Intentional Bucket Errors
I want to illustrate a research technique that I use sometimes. (My actual motivation for writing this is to make it so that I don’t feel as much like I need to defend myself when I use this technique.) I am calling it intentional bucket errors after a CFAR concept called bucket errors. Bucket errors is about noticing when multiple different concepts/questions are stored in your head as a single concept/question. Then, by noticing this, you can think about the different concepts/question separately.
What are Intentional Bucket Errors
Bucket errors are normally thought of as a bad thing. It has “errors” right in the name. However, I want to argue that bucket errors can sometimes be useful, and you might want to consider having some bucket errors on purpose. You can do this by taking multiple different concepts and just pretending that they are all the same. This usually only works if the concepts started out sufficiently close together.
Like many techniques that work by acting as though you believe something false, you should use this technique responsibly. The goal is to pretend that the concepts are the same to help you gain traction on thinking about them, but then to also be able to go back to inhabiting the world where they are actually different.
Why Use Intentional Bucket Errors
Why might you want to use intentional bucket errors? For one, maybe the concepts actually are the same, but they look different enough that you won’t let yourself consider the possibility. I think this is especially likely to happen if the concepts are coming from very different fields or areas of your life. Sometimes it feels silly to draw strong connections between e.g. human rationality, AI alignment, evolution, economics, etc. but such connections can be useful.
Also I find this useful for gaining traction. There is something useful about constrained optimization for being able to start thinking about a problem. Sometimes it is harder to say something true and useful about X than it is to say something true and useful that simultaneously applies to X, Y, and Z. This is especially true when the concepts you are conflating are imagined solutions to problems.
For example, maybe I have an imagined solution to counterfactuals that has a hole in it that looks like understanding multi-level world models. Then, maybe I also have have an imagined solution to tiling that also has a hole in it that looks like understanding multi-level world models. I could view this as two separate problems. The desired properties of my MLWM theory for counterfactuals might be different from the desired properties for tiling. I have these two different holes I want to fill, and one strategy I have, which superficially looks like it makes the problem harder, is to try to find something that can fill both holes simultaneously. However, this can sometimes be easier because different use cases can help you triangulate the simple theory from which the specific solutions can be derived.

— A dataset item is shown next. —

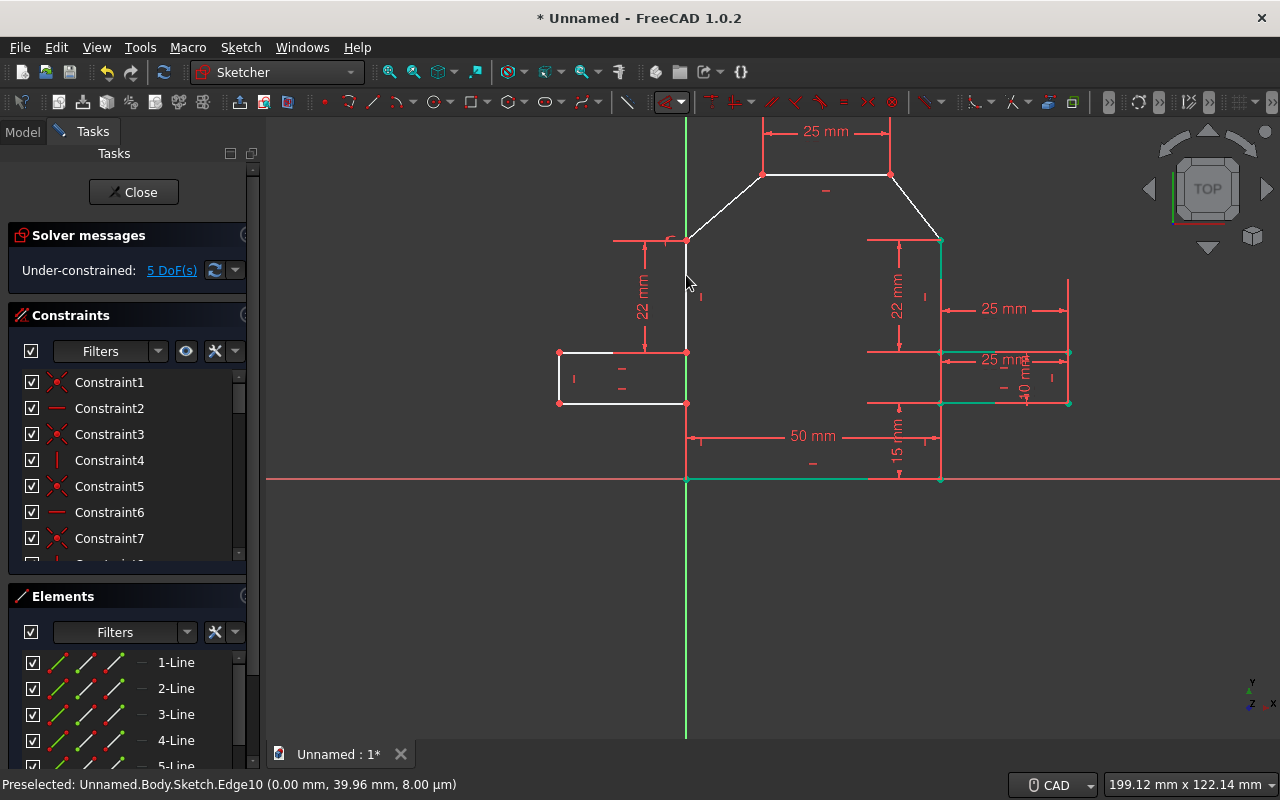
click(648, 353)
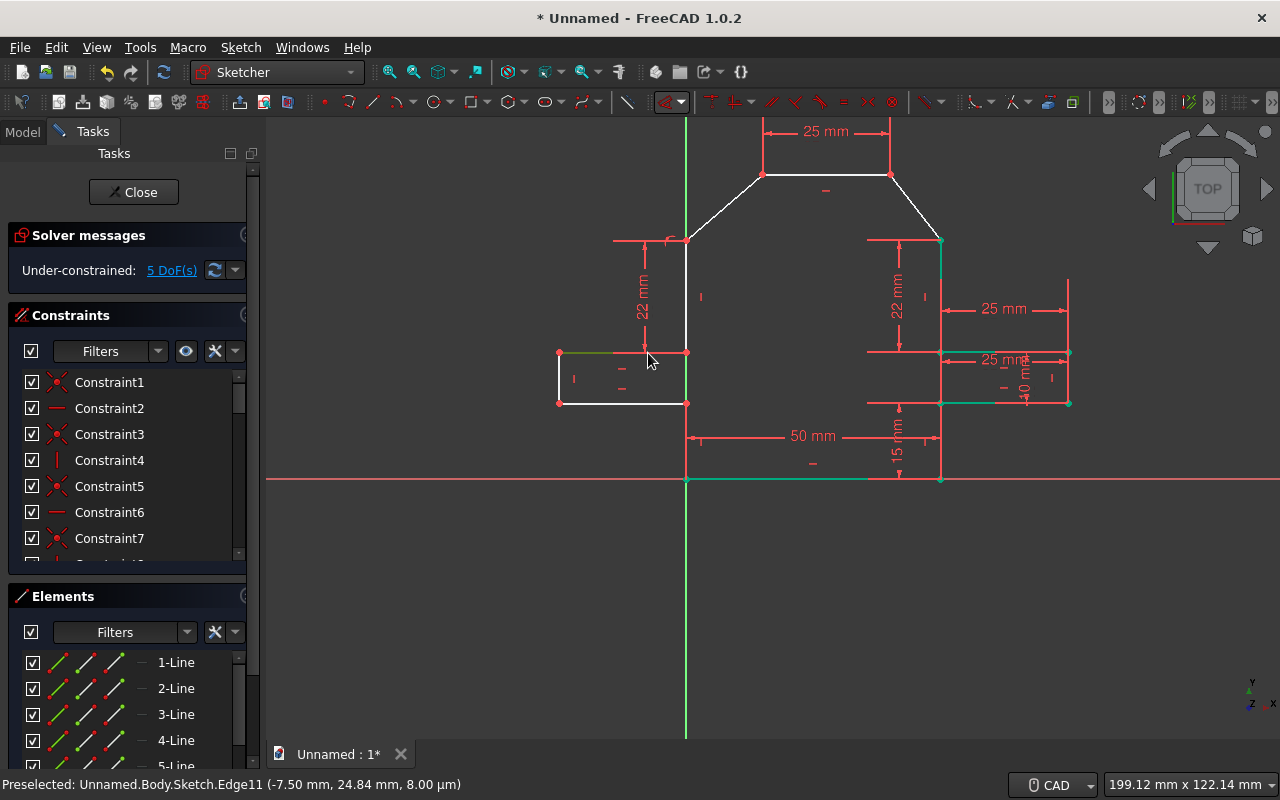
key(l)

A lighter (maybe epistemically safer) version of intentional bucket errors is just to pay a bunch of attention to the connections between the concepts. This has its own advantages in that the relationships between the concepts might be interesting. However, I personally prefer to just throw them all in together, since this way I only have to work with one object, and it takes up fewer working memory slots while I’m thinking about it.
Here are a some recent examples where I feel like I have used something like this, to varying degrees.
How the MtG Color Wheel Explains AI Safety is obviously the product of conflating many things together without worrying too much about how all the clusters are wrong.
In How does Gradient Descent Interact with Goodhart, the question at the top about rocket designs and human approval is really very different from the experiments that I suggested, but I feel like learning about one might help my intuitions about the other. This was actually generated at the same time as I was thinking about Epistemic Tenure, which for me what partially about the expectation that there is good research and a correlated proxy of justifiable research, and even though our group idea selection mechanism is going to optimize for justifiable research, it is better if the inner optimization loops in the humans do not directly follow those incentives. The connection is a bit of a stretch in hindsight, but believing the connection was instrumental in giving me traction in thinking about all the problems.
Embedded Agency has a bunch of this, just because I was trying to factor a big problem into a small number of subfields, but the Robust Delegation section can sort of be described as “Tiling and Corrigibility kind of look similar if you squint. What happens when I just pretend they are two instantiations of the same problem?”